My friend and mapmaker Jo Walsh (aka zool) writes:

"i spill out of the station with my bike, a three-lane motorway ringed with concrete blocks all of my prospect. i ask the station guard if there's a map here, or if he has any idea where i'm going. "ironically enough, i'm visiting the ordnance survey." "sorry, i'm not from round here," he replies. i set off down the carriageway and buy a geographers A-Z streetmap from a garage." [who maps the mapmakers, ad infinitum]

Why is it that most cartographers are hopelessly lost? Maybe I'm speaking from experience, but it seems like mapping, despite being one of the oldest exploratory traditions, is still quite young. Some people seem to think the world has already been discovered by people like Columbus and Magellan, but I think they just scratched the surface.

"the subjects of provenance, and of trust, layered on top of instance data, seem to be of strong interest; an interesting negotiation, between statements "that the [Ordinance Survey] has been imposing its view on england, its government and citizens, for most of the last 200 years... for the last 20, it's been listening to what the customer wants, and telling them regretfully they can't have it." but now perhaps there is a technological solution to their core problem; maintaining their IPR and status as trusted source, while allowing user contribution - but very much 'using' the users.

so they're looking for a killer RDF app, like everyone else. i maintain that the solution and the problem are the same thing; not a killer app, but a thousand interlocking sub-apps, enhancing each other; the swarm of bots, propelling themselves about a fluid continuum."

Jo gets it. She knows the power of RDF coupled with geo technologies. Defining space is about the name space and semantics. Trying to get well established companies and government cartography institutions to open up is a bit like trying to get your cat to take a bath. Even in countries like the United States, where government maps are more open, they still aren't reliable enough to use for generic things like driving directions, and the only other option is to lease expensive geographic feeds from companies like Mapquest and ESRI.

"The mapping and position-finding technology is all there, says Ed Parsons, Ordnance Survey's chief technology officer. "We know where you are, we know what you're looking at." The only lack is a business model for supplying data to individuals - and a PDA with attributes, such as a screen that can be read in daylight." [Gardian]

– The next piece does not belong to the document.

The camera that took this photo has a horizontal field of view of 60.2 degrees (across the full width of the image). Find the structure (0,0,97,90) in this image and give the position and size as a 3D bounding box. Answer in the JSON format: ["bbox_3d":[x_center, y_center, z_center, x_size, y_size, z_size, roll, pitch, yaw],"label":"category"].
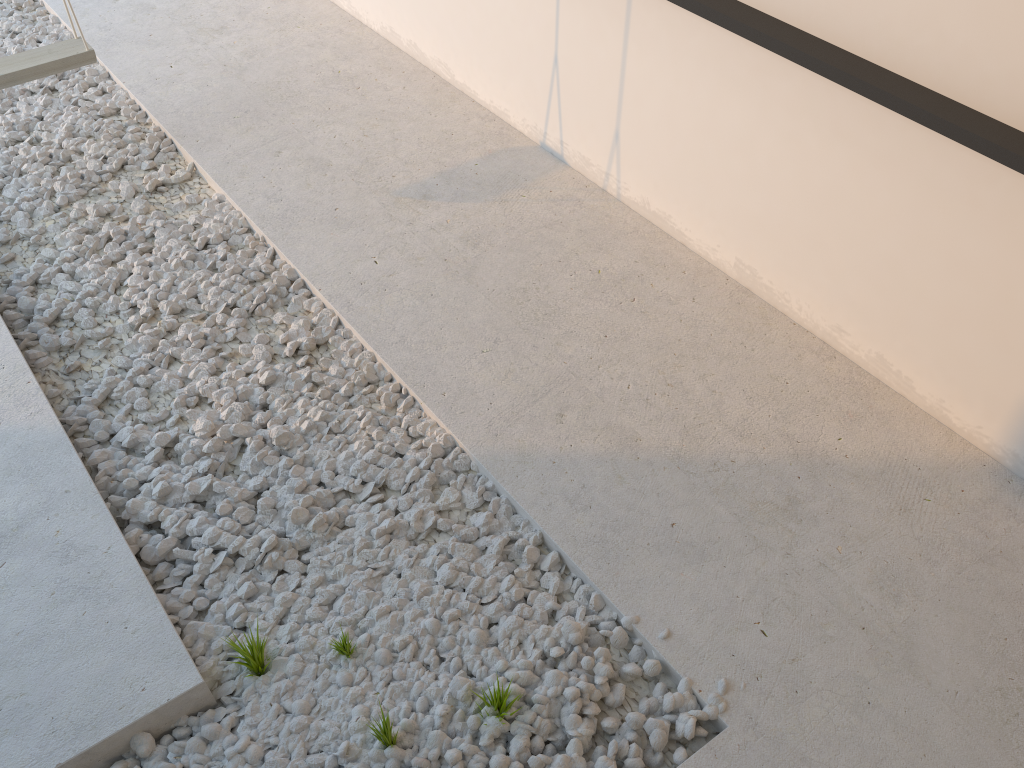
[{"bbox_3d":[-1.639,-1.694,2.263,0.455,1.956,0.125,-27,52,-23],"label":"structure"}]

In this writer's opinion, community and open-source developers will be the ones forging the emerging cartography world, not a business model or better PDAs. Jo is the smartest girl I know, and possibly the smartest geek I know. The Ordinance Survey could greatly benefit the people of Britian if they open up and listen to cartography pioneers like Jo Walsh, who are often all too eager to hack shit up in the name of progress.